Figure 3 illustrates the ontology development lifecycle adopted for Onto-MS. It encompasses all the essential stages and highlights the cyclic and iterative nature of the development process. The cyclic aspect indicates that development is continuous, with each cycle building upon the previous one. In contrast, the iterative nature implies that certain steps should be repeated to achieve high quality and robustness. However, not all stages in the lifecycle are equally iterative. Stages such as ontology design, knowledge analysis, reusing concepts, and evaluation may occur frequently, whereas defining the domain, scope, and requirements typically happens less often. It is crucial to recognize when to conclude the development process, as excessive cycles and iterations can lead to unnecessary complexity, potentially reducing the ontology’s acceptance among its intended audience. Therefore, it is essential to ensure that the ontology maintains its ease of use for users.

Ontology development lifecycle followed in Onto-MS, highlighting key stages such as domain definition, modeling strategy, implementation, evaluation, and refinement.

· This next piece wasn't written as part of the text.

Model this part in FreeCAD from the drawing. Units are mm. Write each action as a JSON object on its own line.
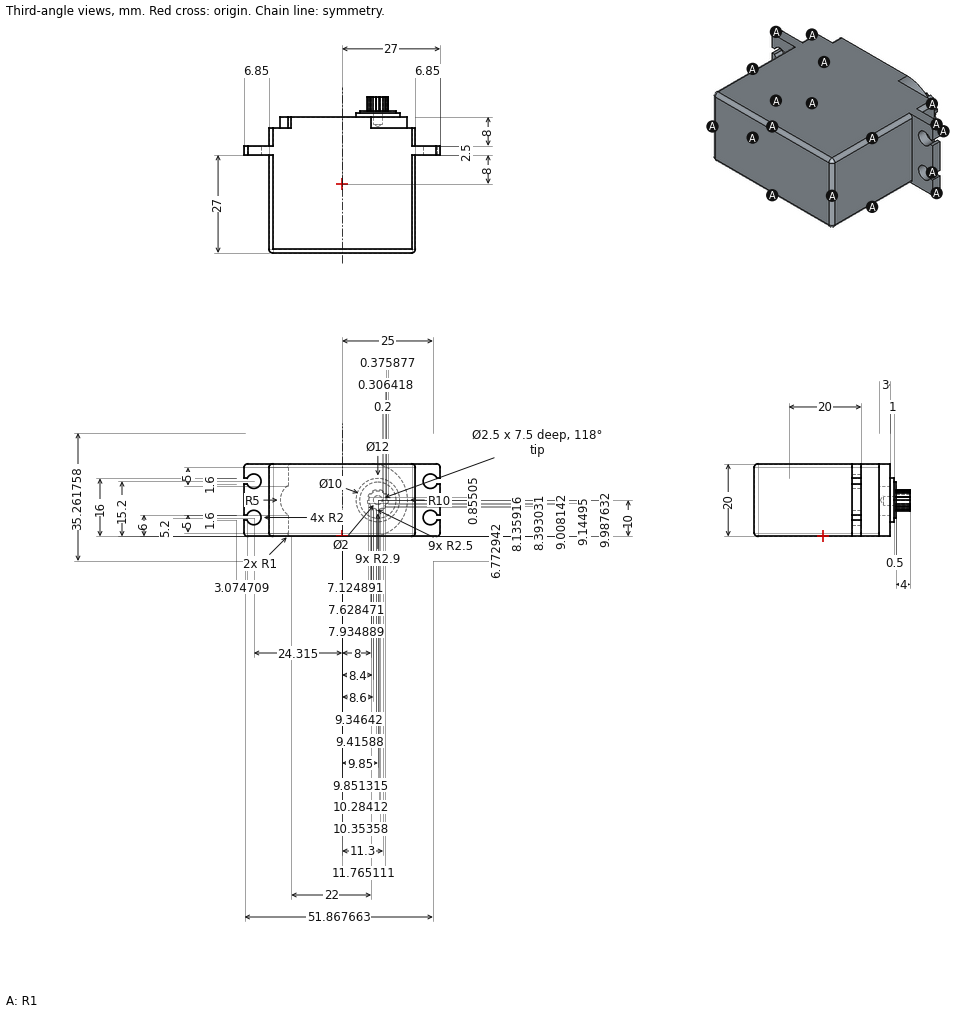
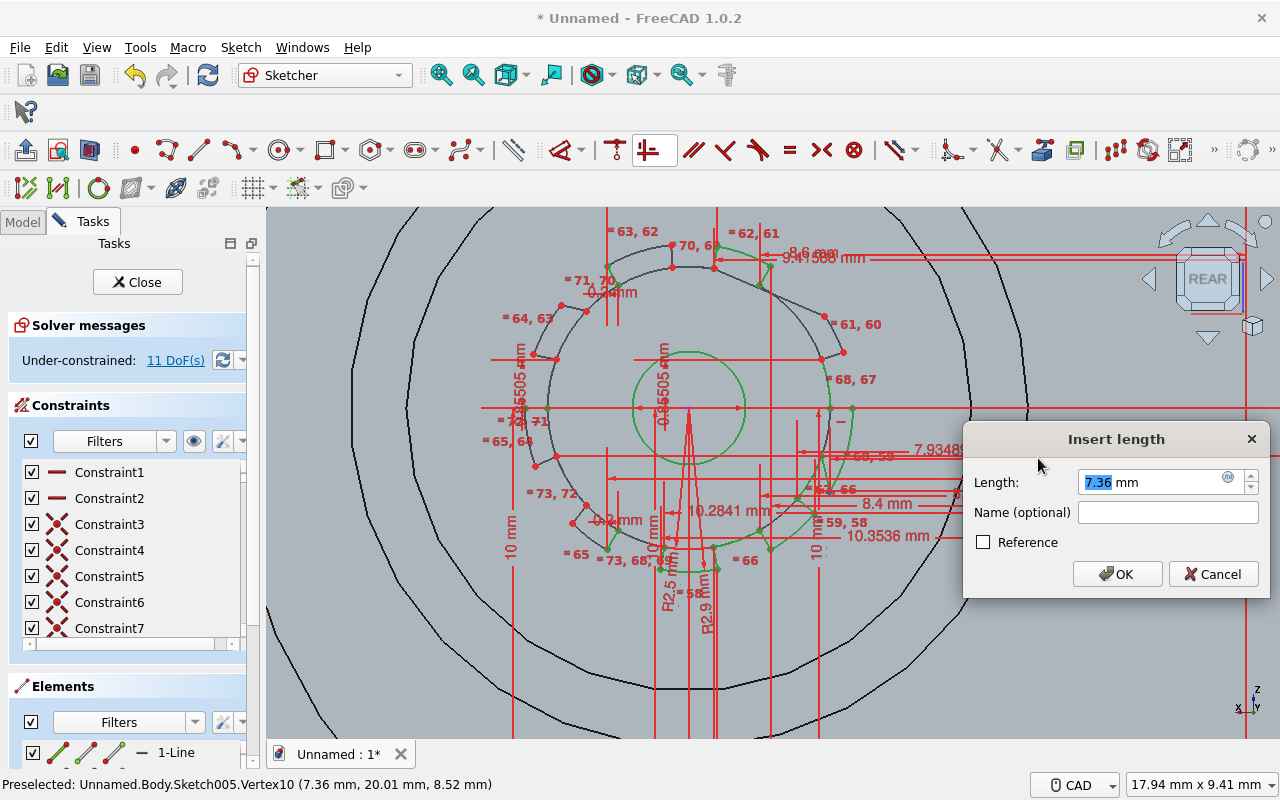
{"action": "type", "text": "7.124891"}
{"action": "key", "text": "Return"}

5.2. Ontology transformation to ELN (i.e., Kadi4Mat)

To construct a knowledge graph based on the developed ontology (ontology instantiation), Onto-MS is converted into Kadi4Mat resources.

Two primary types of Kadi4Mat resources have been utilized in this work: records and collections. In Kadi4Mat, a record is the fundamental building block and represents any type of digital or digitized object, such as research data, experimental setups, or individual processing steps. Each record is described using structured metadata that captures essential information about the entity in question. The record can be logically linked to other records, thereby supporting traceability and providing context.

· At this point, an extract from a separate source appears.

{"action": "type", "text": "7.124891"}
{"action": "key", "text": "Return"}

In contrast, a collection is used to group multiple records. This enables related data entries, such as those belonging to a single experiment or simulation workflow, to be organized into a coherent and manageable unit (Brandt et al. 2021).

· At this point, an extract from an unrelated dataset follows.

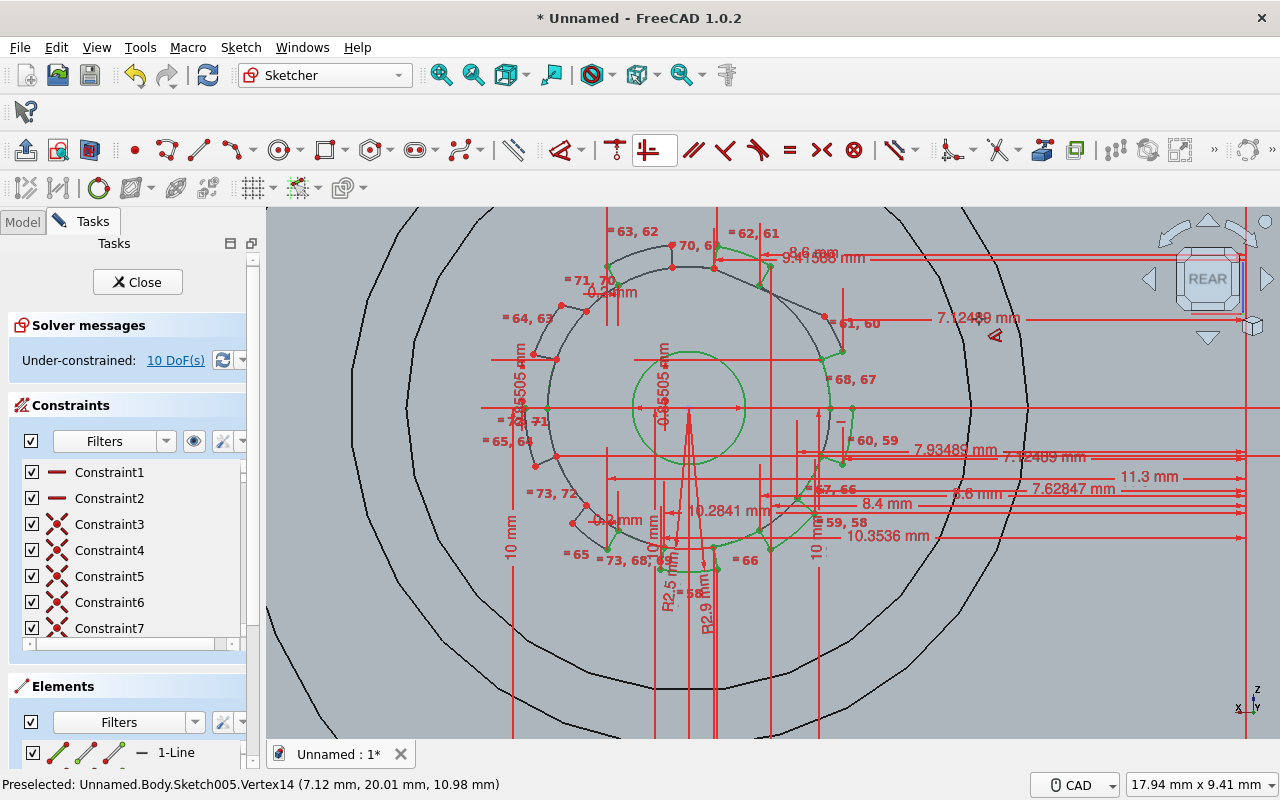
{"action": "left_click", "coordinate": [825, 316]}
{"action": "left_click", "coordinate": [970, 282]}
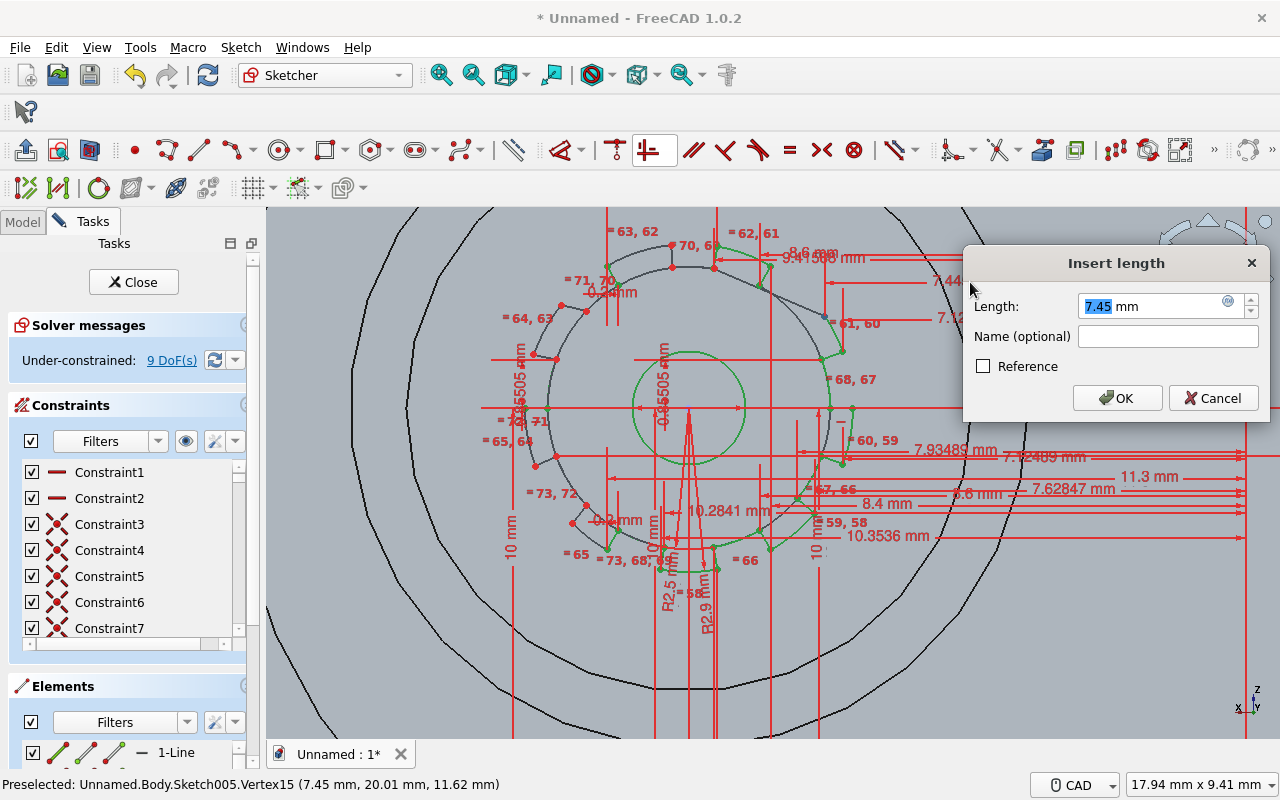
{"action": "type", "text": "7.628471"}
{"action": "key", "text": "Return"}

This conversion was carried out by using a custom Python script that leverages RDFlib (a Python library for parsing RDF data and executing SPARQL queries) (RDFLib documentation, 2025) and Kadi-APY (which serves as an interface to the Kadi4Mat platform). The complete script is available on Zenodo (Noman, 2024). Key steps in the script are outlined below.

Loading the ontology: The Turtle-formatted (.ttl) ontology file is parsed using the RDFlib graph object. The script identifies the main IRI of the ontology, which serves as a reference point for subsequent processing.

# See script on Zenodo for full implementation

graph = Graph ()

graph.parse (“OntoMS.ttl”, format=”ttl”)

main_iri = graph.value(predicate=RDF.type, object=OWL.Ontology)

Extracting names and descriptions: Once the ontology is loaded (step 1), two helper functions are defined to generate human-readable titles and descriptions for Kadi4Mat resources.

get_resource_name selects the first available property to use as the resource name in Kadi4Mat. The selection is done in the following order of priority: SKOS prefLabel > RDFS label > DCT title > IRI fragment.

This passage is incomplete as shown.